Amsterdam Where the Past Meets the Present

Dec. 5, 2024

Amsterdam is a lot of things. It has a lot of history that can still be seen all over the city.

It’s the city where Anne Frank wrote her diary:

It’s the city where Rembrandt became a prominent portraitist:

It’s a city with its own dark past. After all, I t’s seen everything from the Spanish Inquisition to witch trials and Nazi occupation. Some of its buildings still signal these darker times.

For example, take the Spinhuis. This is a former women’s prison, which is now a University of Amsterdam women’s dorm. And, the building has a scene above the door showing a woman’s beating:

The city also turns 750 next year (October 27, 2025 to be exact). In celebration, the city of Amsterdam recently launched “Amsterdam Monster Factory” (amsterdammonsterfactory.com), which includes eight monsters that each represent a different value of the city. 

The monsters primarily live in virtual reality, which can be accessed via the Amsterdam Monster Factory App. So, you can see most of them, this is an image from the app:

But, we spent the afternoon trying to track the monsters down IRL. We found a few of them in stores and parks across the city.

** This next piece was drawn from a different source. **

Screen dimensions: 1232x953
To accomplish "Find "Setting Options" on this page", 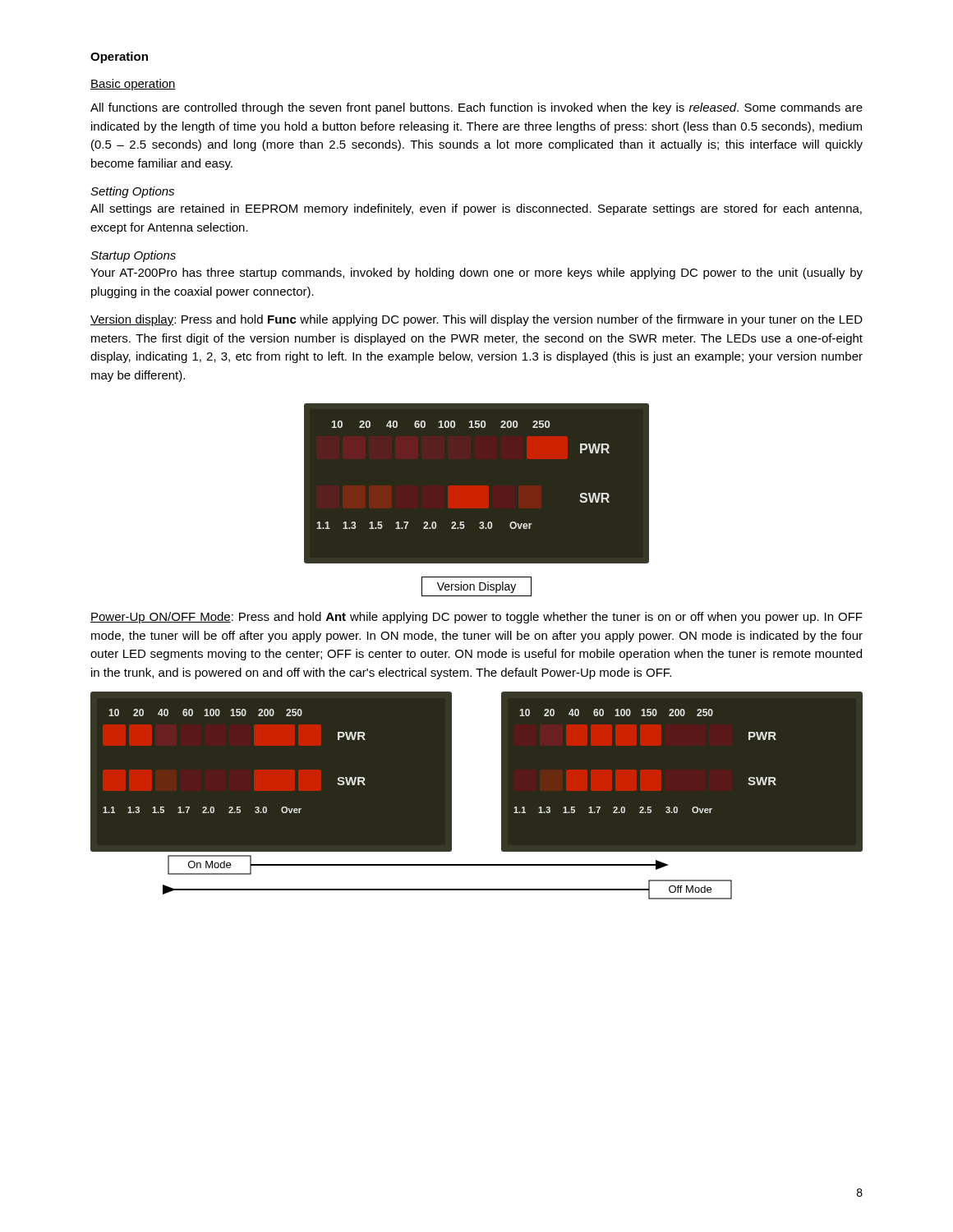I will [132, 191].
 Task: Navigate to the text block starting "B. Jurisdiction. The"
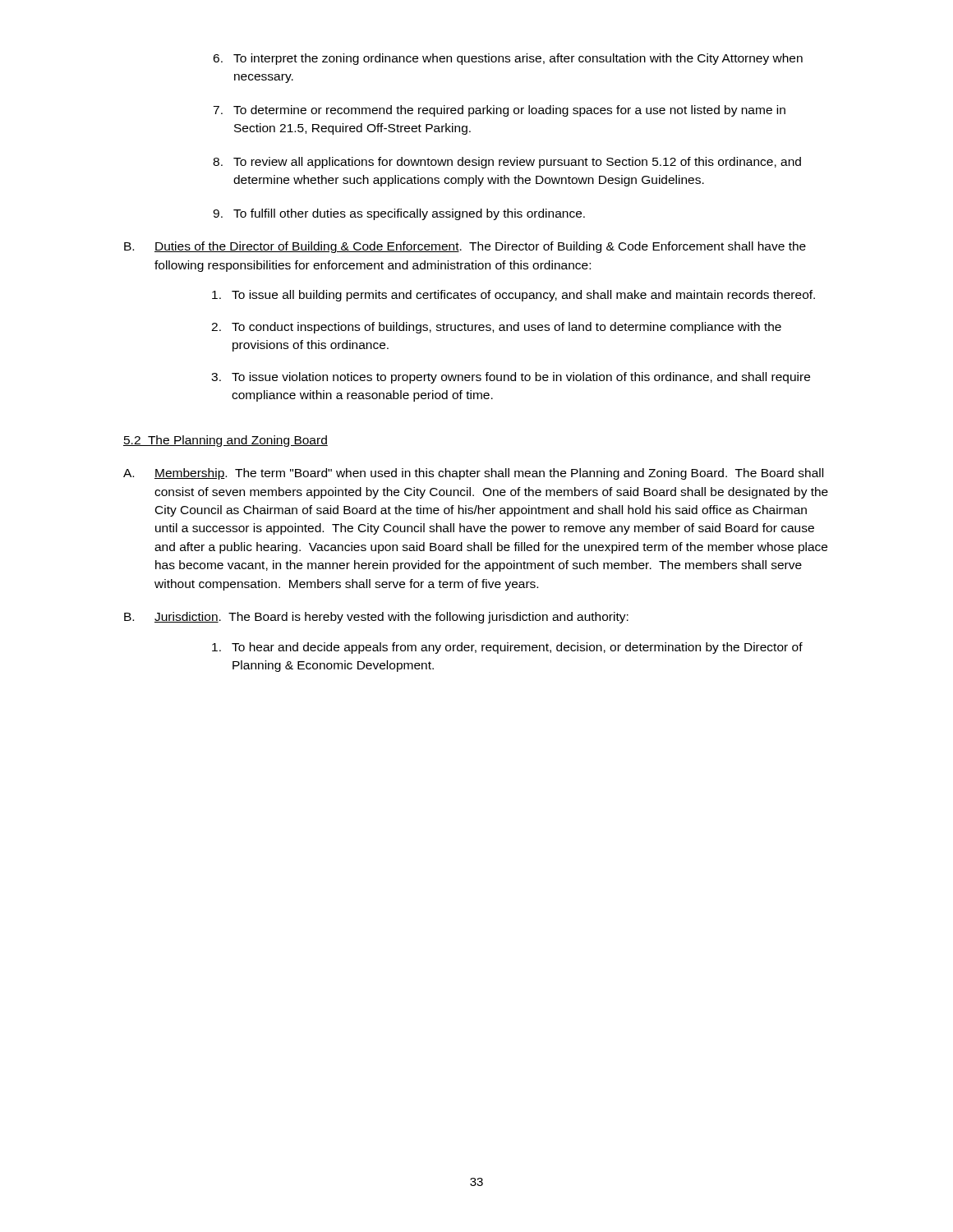[476, 617]

We found Moki at the Amsterdam train station. He “represents Courage (one of the Xs on the city shield), and the open mindedness, tolerance and spirit of the city of Amsterdam.”

We caught up with Kiki and Kima in the I Amsterdam store. They “represent Compassion (another X on the city shield) for others and openness to help those in need.”

I found Gretel on a sign in Westerpark. She “represents Freedom of Expression, and Amsterdam as a city of no taboos –  a place where the entitlement to speak your mind is a fundamental right.”

And, Biggie was near by. He “represents the future of the open minded spirit of Amsterdam.”

From there, we jumped on a canal cruise to take in the Amsterdam Light Festival. This is the 13th edition, and the theme this year is “rituals.” (amsterdamlightfestival.com/en)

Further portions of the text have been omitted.